A few months before I quit drinking for good, the husband and I stole a few days to lounge on the sand at the Delaware Shore. It was September, and the air was still warm but the crowds had thinned, leaving us the wide beaches to ourselves.

We had three entire days to soak up the sun and watch the dolphins dart among the waves. So, I was pretty annoyed to wake up one morning so hungover that I had to grit my teeth to force myself to face the day.

A few precious days that we’d paid a lot of money for, which I was now just trying to survive. At brunch, I’d order coffee (obviously), and avocado toast (healthy!) and make chit-chat with my husband about how to spend the day. He might not notice, but I’d be distracted, hardly present at all, because mentally I’d be berating myself for swilling that extra glass of red wine, again.

Maybe I wasn’t the biggest drinker you’d have ever met.  But, I definitely had a habit, and it was getting old. Frankly, so was I. How many days traveling over the last 20 years had I wasted from overindulging? I couldn’t even guess.

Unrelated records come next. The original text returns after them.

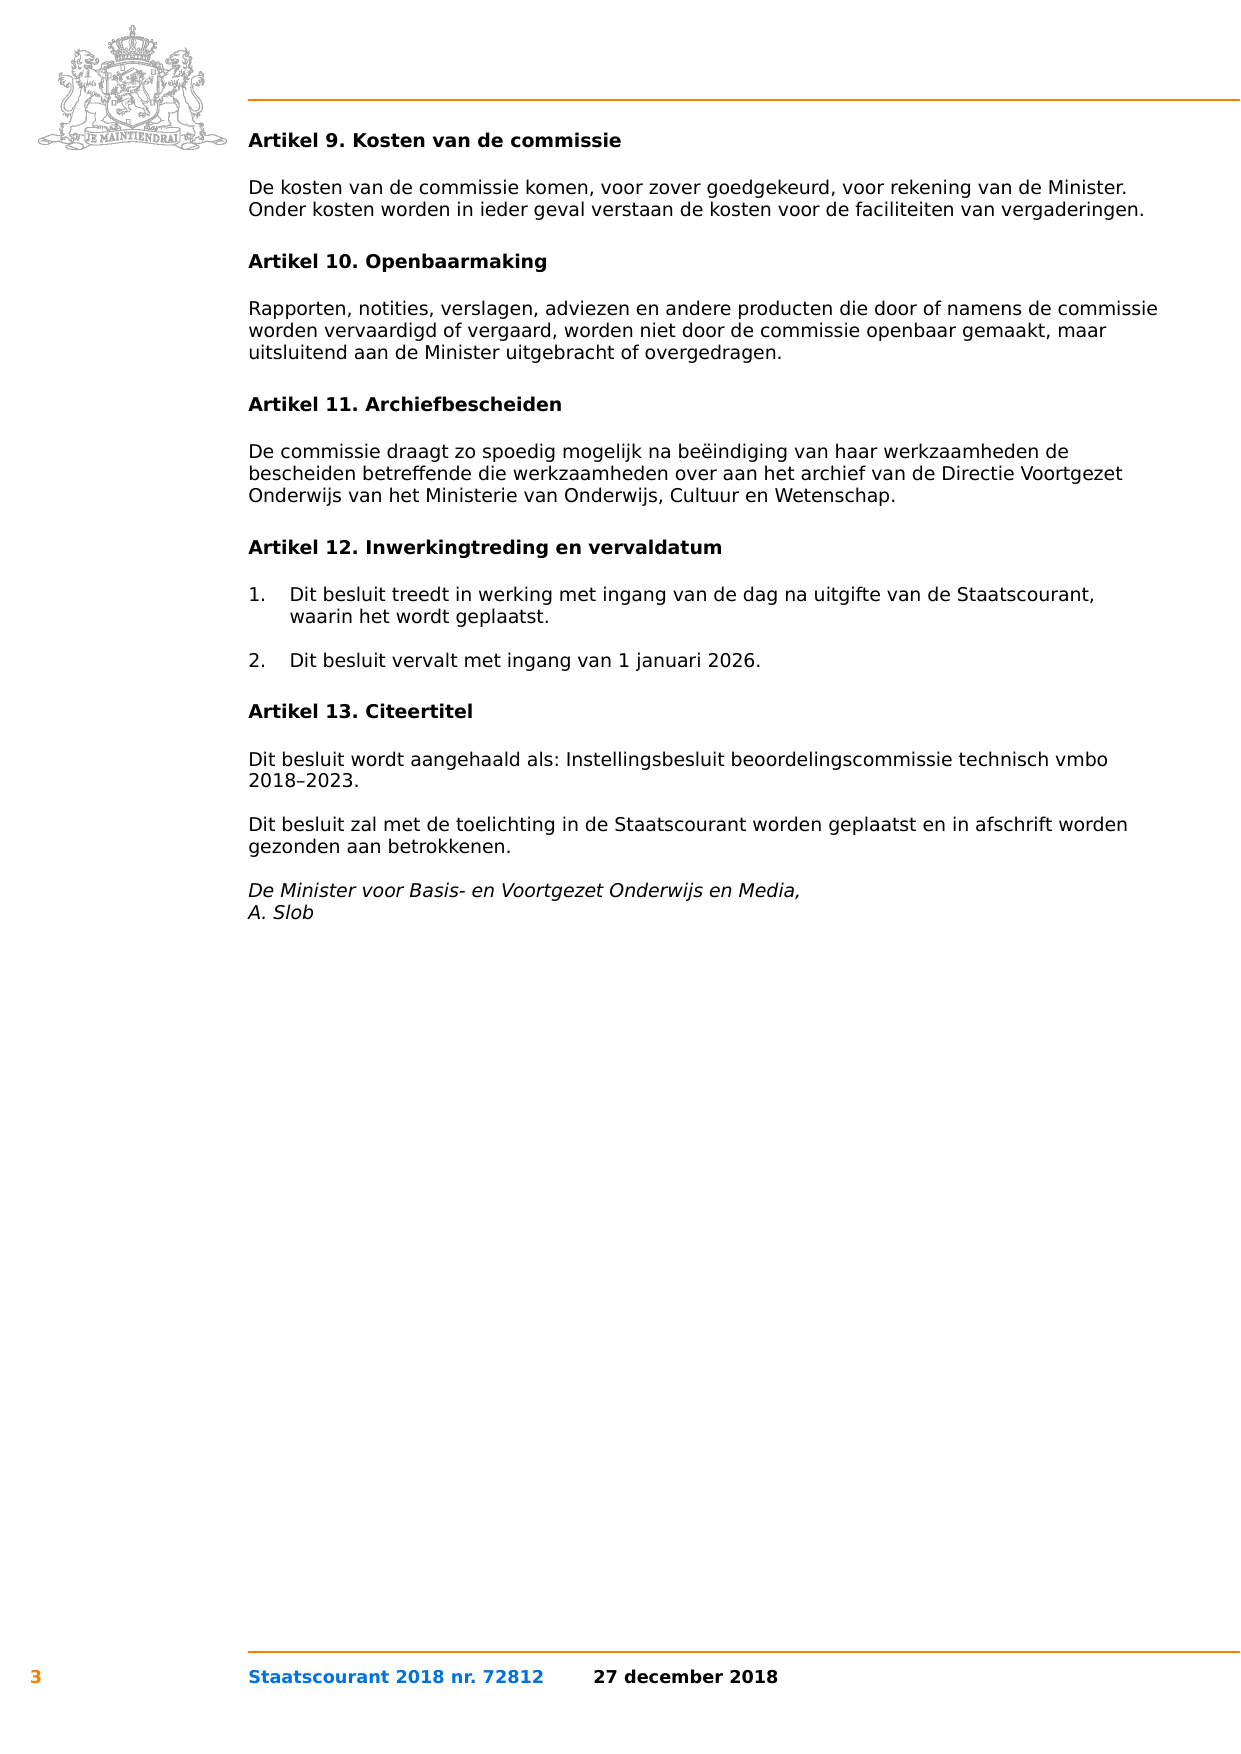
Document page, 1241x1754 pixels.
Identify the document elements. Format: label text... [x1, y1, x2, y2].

subtitle Artikel 9. Kosten van de commissie [248, 130, 1163, 152]
text 2. Dit besluit vervalt met ingang van 1 januari 2026. [248, 649, 1163, 671]
text 1. Dit besluit treedt in werking met ingang van de dag na uitgifte van de Staatscourant, waarin het wordt geplaatst. [248, 584, 1163, 628]
subtitle Artikel 11. Archiefbescheiden [248, 394, 1163, 416]
text De kosten van de commissie komen, voor zover goedgekeurd, voor rekening van de Minister. Onder kosten worden in ieder geval verstaan de kosten voor de faciliteiten van vergaderingen. [248, 177, 1163, 221]
text De commissie draagt zo spoedig mogelijk na beëindiging van haar werkzaamheden de bescheiden betreffende die werkzaamheden over aan het archief van de Directie Voortgezet Onderwijs van het Ministerie van Onderwijs, Cultuur en Wetenschap. [248, 441, 1163, 507]
subtitle Artikel 10. Openbaarmaking [248, 251, 1163, 273]
subtitle Artikel 13. Citeertitel [248, 701, 1163, 723]
text De Minister voor Basis- en Voortgezet Onderwijs en Media, A. Slob [248, 880, 1163, 924]
text Dit besluit wordt aangehaald als: Instellingsbesluit beoordelingscommissie technisch vmbo 2018–2023. [248, 748, 1163, 792]
text Dit besluit zal met de toelichting in de Staatscourant worden geplaatst en in afschrift worden gezonden aan betrokkenen. [248, 814, 1163, 858]
text Rapporten, notities, verslagen, adviezen en andere producten die door of namens de commissie worden vervaardigd of vergaard, worden niet door de commissie openbaar gemaakt, maar uitsluitend aan de Minister uitgebracht of overgedragen. [248, 298, 1163, 364]
picture [38, 25, 227, 150]
subtitle Artikel 12. Inwerkingtreding en vervaldatum [248, 537, 1163, 559]

But, what’s traveling without drinking anyways? Swilling pints of lager in cozy London pubs. Pounding shots of rakija in Croatia. Sipping wine with every meal in France. Spilling sticky cups of rum and cola on the dance floor in Belize. And a personal favorite, guzzling margaritas from a can in Mexico. Traveling means experiencing life to the fullest! That means alcohol. And lots of it

Less than a year later, I was back in Rehoboth Beach for my 2-year wedding anniversary. This time, I was six months into my post-alcohol experiment. I booked a B&B, famous for its waffles in the morning and free wine in the evenings

Immediately, my mind flooded with anxious thoughts

How can I travel without drinking?”

“How can I celebrate my anniversary without alcohol?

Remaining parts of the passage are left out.